Le Bureau de la sécurité des transports du Canada (BST) a enquêté sur cet événement dans le but de promouvoir la sécurité des transports. Le Bureau n’est pas habilité à attribuer ni à déterminer les responsabilités civiles ou pénales. Le présent rapport n’est pas créé pour être utilisé dans le contexte d’une procédure judiciaire, disciplinaire ou autre. Voir Propriété et utilisation du contenu.

Table des matières

    Description du bateau

    Le Rocky Pass (figure 1) est un bateau-taxi doté d’une coque en aluminium et d’une cabine fermée. La cabine comporte le poste de conduite et une section sièges pour les passagers. Le poste de conduite, situé sur le côté tribord avant de la cabine, comporte un siège pour le conducteur, les commandes de propulsion, un radiotéléphone à très haute fréquence (VHF) et de l’équipement de navigation comprenant un radar, un compas magnétique et un GPS (système de positionnement mondial).
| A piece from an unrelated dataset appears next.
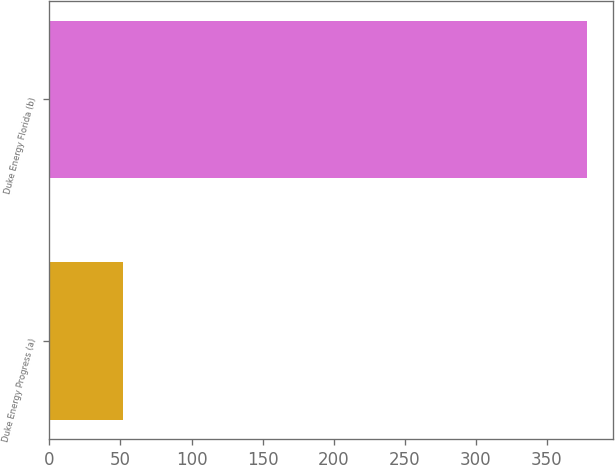Convert chart to OTSL. <chart><loc_0><loc_0><loc_500><loc_500><bar_chart><fcel>Duke Energy Progress (a)<fcel>Duke Energy Florida (b)<nl><fcel>52<fcel>378<nl></chart>

La section sièges pour les passagers est constituée de rangées de sièges séparées par une allée centrale. La cabine est dotée de fenêtres avant, latérales et arrière qui offrent au conducteur une vue généralement dégagée. Les 2 moteurs hors-bord qui propulsent le bateau sont de 150 hp chacun et ont été installés en 2021.

    Figure 1. Le Rocky Pass (Source : BST)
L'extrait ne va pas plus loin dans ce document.